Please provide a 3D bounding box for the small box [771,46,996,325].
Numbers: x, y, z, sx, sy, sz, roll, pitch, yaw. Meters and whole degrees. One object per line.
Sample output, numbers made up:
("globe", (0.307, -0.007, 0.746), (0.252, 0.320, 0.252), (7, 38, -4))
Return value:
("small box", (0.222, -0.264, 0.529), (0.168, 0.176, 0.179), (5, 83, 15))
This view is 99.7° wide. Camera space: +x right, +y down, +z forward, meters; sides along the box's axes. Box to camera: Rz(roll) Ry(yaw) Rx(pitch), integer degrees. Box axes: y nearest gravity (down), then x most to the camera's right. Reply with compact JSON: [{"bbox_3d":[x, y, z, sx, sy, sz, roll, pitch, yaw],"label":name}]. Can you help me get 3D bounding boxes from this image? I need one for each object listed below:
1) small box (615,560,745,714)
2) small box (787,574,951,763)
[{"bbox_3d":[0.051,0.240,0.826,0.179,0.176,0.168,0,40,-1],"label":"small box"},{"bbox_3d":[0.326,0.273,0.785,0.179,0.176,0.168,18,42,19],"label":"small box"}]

====

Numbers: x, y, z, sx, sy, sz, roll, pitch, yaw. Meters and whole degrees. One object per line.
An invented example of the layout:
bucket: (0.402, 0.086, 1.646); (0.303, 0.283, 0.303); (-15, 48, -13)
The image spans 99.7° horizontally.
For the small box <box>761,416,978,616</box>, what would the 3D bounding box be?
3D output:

====

• _PROBLEM_
Identify the lines in the records above that contain the word "bounding", then state how many there are and nothing more.

• _SOLUTION TO THIS PROBLEM_
3